I think a better title for this book would have been, "The Current Digital Age". The content was quite mundane. I never once felt a need to rewind a passage (which I typically do a lot of with other books).
The reader speaks very slowly. The good news is that I was able to play it in 2x mode and save half the time... I managed to finish it, but I could have gotten by on just the first and last chapters. If you're looking for a book about technology or futurism, there are better choices out there. For a new book from one of the top minds at Google, this isn't just disappointing - I feel ripped off.

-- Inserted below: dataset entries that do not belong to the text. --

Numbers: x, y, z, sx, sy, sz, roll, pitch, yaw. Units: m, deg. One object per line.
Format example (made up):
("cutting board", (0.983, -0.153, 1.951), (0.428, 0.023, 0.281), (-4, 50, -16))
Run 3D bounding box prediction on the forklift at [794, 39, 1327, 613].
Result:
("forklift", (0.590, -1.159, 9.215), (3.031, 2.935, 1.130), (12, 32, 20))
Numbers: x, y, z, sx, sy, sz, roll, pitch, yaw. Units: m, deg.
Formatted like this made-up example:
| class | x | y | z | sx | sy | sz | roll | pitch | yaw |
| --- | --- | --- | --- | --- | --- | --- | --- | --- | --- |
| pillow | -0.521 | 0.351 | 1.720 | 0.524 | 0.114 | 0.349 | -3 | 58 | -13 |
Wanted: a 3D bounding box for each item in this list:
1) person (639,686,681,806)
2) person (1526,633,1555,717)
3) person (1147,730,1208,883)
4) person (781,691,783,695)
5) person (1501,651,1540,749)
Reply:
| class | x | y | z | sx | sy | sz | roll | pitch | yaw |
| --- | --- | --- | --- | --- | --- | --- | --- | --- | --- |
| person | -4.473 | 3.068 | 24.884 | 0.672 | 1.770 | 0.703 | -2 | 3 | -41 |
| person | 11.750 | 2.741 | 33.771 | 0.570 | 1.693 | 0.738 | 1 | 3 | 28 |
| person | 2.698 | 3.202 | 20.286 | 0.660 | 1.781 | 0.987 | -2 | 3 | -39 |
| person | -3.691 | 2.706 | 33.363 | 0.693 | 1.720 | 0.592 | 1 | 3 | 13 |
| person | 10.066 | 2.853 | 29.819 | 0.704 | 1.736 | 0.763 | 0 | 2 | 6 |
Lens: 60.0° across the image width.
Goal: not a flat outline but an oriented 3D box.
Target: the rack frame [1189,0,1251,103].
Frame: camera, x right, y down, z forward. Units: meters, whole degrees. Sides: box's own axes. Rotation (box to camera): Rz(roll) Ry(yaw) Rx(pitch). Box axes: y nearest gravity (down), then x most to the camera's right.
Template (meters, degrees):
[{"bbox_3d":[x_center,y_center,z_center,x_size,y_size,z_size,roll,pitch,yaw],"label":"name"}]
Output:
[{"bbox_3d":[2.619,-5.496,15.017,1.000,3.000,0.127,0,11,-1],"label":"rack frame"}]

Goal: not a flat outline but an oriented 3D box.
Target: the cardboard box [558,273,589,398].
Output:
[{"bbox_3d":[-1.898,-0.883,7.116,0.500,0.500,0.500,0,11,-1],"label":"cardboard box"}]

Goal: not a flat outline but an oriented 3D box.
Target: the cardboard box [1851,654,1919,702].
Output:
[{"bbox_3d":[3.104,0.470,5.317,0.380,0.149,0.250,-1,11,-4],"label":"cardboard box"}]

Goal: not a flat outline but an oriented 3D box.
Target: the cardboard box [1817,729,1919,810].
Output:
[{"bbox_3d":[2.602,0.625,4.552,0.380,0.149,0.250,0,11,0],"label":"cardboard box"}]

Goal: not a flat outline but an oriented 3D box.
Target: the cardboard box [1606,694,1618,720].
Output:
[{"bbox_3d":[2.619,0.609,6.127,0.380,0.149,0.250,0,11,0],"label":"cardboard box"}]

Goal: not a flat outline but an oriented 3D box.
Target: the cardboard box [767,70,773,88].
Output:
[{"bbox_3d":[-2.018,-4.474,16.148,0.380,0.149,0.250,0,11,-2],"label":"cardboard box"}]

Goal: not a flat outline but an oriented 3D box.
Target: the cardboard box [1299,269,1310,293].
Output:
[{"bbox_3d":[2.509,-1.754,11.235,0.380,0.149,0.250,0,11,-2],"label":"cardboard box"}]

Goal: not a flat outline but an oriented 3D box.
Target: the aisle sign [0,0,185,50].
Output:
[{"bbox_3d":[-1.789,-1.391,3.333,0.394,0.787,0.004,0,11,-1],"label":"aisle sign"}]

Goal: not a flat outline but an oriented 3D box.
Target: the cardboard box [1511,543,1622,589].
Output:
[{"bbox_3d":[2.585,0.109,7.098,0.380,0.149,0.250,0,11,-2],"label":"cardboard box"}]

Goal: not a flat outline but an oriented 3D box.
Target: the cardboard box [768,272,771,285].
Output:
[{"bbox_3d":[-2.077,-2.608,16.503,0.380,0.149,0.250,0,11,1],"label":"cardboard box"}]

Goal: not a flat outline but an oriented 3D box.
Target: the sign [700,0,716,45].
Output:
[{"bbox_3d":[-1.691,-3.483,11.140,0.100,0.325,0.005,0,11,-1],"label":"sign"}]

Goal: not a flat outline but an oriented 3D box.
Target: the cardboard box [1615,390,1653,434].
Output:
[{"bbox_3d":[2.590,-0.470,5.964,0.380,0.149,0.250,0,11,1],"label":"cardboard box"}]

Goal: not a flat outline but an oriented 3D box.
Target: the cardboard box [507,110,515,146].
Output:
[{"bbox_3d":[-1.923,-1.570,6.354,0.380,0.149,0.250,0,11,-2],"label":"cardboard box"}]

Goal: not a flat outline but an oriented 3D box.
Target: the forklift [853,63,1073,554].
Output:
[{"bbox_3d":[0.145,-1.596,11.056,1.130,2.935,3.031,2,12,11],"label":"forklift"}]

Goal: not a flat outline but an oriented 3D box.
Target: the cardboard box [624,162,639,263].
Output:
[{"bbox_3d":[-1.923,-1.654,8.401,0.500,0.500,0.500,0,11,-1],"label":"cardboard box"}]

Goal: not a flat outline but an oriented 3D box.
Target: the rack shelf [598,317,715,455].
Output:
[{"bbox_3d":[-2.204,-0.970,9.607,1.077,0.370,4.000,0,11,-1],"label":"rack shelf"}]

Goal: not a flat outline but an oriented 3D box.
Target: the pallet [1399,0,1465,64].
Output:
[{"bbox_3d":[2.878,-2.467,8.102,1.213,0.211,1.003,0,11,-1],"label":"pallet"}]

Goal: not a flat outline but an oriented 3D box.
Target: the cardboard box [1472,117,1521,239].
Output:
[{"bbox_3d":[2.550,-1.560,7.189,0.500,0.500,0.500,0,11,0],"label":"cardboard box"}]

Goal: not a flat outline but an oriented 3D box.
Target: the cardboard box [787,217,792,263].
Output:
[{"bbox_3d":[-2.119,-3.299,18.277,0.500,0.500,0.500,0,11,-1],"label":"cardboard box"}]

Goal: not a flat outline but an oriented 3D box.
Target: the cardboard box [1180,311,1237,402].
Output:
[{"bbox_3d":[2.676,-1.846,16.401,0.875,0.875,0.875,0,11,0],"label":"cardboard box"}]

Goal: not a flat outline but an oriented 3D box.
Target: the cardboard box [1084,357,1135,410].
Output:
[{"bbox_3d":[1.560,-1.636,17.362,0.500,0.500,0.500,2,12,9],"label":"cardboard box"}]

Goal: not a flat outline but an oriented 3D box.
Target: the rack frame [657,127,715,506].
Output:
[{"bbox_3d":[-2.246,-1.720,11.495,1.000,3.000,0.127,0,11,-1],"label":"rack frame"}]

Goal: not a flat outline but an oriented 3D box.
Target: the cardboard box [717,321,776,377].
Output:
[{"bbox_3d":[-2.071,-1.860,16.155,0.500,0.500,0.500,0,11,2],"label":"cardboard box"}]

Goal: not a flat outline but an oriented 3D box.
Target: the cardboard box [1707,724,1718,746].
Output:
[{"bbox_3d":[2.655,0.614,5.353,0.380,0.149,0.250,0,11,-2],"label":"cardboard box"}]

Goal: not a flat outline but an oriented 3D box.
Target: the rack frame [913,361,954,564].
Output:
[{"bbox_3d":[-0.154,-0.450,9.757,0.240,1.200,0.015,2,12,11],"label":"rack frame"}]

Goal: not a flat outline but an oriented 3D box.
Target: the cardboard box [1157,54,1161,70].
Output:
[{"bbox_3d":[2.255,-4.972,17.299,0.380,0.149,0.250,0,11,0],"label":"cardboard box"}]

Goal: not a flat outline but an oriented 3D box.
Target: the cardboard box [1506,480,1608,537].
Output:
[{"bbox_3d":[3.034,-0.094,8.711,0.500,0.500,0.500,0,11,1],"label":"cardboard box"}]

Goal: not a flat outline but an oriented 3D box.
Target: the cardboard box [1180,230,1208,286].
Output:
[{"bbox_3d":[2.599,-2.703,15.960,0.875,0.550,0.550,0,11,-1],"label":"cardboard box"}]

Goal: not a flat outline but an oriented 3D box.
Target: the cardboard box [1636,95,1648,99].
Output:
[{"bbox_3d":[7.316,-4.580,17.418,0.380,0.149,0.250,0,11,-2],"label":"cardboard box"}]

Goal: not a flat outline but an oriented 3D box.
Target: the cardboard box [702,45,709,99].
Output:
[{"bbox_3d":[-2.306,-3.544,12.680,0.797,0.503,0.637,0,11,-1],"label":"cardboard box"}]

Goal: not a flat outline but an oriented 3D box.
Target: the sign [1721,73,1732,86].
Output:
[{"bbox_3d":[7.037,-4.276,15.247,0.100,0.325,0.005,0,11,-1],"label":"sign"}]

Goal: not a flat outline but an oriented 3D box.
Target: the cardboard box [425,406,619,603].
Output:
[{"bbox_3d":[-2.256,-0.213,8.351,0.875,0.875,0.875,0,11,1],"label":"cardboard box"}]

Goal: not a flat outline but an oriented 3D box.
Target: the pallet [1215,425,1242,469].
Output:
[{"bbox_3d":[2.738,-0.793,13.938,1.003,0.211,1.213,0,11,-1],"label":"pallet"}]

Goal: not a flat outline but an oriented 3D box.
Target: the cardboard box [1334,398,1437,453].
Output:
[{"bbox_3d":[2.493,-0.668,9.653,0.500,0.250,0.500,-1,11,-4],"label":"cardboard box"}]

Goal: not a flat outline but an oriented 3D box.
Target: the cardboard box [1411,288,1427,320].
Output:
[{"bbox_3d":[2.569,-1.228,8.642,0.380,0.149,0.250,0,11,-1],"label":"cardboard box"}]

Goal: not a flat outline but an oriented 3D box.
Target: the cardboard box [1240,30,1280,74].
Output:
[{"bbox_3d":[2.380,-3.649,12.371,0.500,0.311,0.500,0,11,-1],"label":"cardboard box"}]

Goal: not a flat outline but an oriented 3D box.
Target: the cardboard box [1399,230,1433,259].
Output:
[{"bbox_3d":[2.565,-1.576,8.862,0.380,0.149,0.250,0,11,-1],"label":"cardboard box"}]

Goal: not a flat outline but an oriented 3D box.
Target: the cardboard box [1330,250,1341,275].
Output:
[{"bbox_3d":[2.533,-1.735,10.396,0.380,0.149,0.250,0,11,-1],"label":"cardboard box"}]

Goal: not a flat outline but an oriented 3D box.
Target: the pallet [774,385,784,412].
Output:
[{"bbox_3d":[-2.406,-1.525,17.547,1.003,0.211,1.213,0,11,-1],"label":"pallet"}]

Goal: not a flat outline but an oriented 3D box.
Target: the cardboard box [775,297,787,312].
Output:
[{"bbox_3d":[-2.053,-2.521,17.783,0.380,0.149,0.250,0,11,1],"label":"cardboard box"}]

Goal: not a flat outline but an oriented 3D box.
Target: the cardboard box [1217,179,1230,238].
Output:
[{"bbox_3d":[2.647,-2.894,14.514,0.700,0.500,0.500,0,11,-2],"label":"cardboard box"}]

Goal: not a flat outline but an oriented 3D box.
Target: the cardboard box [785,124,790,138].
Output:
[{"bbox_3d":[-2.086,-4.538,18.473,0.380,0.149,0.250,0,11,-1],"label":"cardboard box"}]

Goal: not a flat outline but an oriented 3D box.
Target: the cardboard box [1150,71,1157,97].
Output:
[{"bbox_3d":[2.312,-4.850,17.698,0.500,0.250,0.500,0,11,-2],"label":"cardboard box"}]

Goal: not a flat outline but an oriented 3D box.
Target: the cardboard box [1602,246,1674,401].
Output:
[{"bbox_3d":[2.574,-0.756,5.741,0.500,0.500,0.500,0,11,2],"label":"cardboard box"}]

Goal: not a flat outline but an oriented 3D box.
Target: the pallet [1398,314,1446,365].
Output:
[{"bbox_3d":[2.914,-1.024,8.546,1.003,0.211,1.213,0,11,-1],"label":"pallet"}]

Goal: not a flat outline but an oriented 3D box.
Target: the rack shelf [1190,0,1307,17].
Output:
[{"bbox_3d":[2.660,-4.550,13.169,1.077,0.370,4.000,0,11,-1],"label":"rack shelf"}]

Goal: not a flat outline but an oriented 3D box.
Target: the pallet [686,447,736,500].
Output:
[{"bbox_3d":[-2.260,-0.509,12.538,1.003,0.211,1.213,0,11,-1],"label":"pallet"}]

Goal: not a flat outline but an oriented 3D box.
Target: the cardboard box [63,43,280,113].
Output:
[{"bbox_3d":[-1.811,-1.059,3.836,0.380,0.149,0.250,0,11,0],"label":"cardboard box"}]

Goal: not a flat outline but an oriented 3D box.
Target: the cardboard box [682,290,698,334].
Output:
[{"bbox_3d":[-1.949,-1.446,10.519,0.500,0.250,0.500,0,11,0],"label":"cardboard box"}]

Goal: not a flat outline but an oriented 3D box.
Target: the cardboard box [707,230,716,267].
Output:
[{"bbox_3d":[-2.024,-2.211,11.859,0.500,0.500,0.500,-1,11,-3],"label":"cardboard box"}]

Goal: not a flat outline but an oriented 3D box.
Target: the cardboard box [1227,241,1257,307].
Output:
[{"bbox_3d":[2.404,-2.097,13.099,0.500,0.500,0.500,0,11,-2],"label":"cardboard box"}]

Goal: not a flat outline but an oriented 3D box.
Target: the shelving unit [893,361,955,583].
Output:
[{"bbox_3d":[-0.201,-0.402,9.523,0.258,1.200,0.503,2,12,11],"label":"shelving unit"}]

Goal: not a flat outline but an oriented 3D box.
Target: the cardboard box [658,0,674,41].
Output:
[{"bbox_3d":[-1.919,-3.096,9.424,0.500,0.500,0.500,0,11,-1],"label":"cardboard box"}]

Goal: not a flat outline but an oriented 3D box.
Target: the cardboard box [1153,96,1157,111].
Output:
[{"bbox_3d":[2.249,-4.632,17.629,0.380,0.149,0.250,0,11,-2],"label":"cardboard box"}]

I am an avid eclectic reader.
Unlike some of the other reviewers I found this book interesting and thought provoking. The book went back and forth between what is coming in technology and how it can be used by the individual, corporation, or NGO, for good or bad. What I found most intriguing is their discussions on how government can use the coming technology for good or evil. Jared Cohen worked at the State Department under both Rice and Clinton so I felt he had a good understanding of the various types of government in the world and what they would or would not do with the technology. They went out of their way to point out technology such as, the smart phone, will give more power to all the people of the world. It was interesting how they see the use of communication technology in helping in natural or man made disasters in the world. They used the example of Haiti to show what would have worked better and how various technologies could improve the reconstruction phase post disaster. In listing all the new advancements coming in the future I felt like one day we will pass the wonders of Star Trek. One question they asked was, for each of us to think, at what point do we draw the line of how much privacy will we give up for security. Lots of information along with pros and cons of use and abuse, over all I was fascinated with the information in the book.
Husband. Dad. 3D Nerd. Tech Junkie. Saints fan. Part of the Squid clan.
While I certainly enjoyed some of the concepts that Schmidt and Cohen present, I found myself constantly wishing more concrete examples of how the current tech is evolving would be used to back up their ideas. Several sounded off-base and were just plain hard to believe, several seemed to provide a roadmap for criminals to follow to make our lives miserable, and with the recent revelation of the NSA's PRISM program in the news, several ideas discussed have already proven to be outdated or have set back the digital age pretty dramatically.
Unfortunately, I just didn't find the information put together coherently, and found the book itself more focused with current politics and more mundane aspects of today's technology. I guess I was looking in the wrong place for inspiration on what the future holds.
My advice, pass on this one and don't wonder "what if?".
Cannot recommend this book enough, really good overview and the most enjoyable part was the fast pace, the vision of the future & the history of other political climates. Really awesome!
Insight by two tech pioneers on what tomorrow will hold. Part dystopian warning and part optimistic tale of want tomorrow could hold. Very thought provoking.
The insightful message of this book could be reduced to "the internet will change the future". The content of the book is a rapid-fire stream of claims about the future, all made with absolute confidence, and little supporting evidence. This wasn't the worst futurist book I've read, but it certainly didn't bring me any useful insights.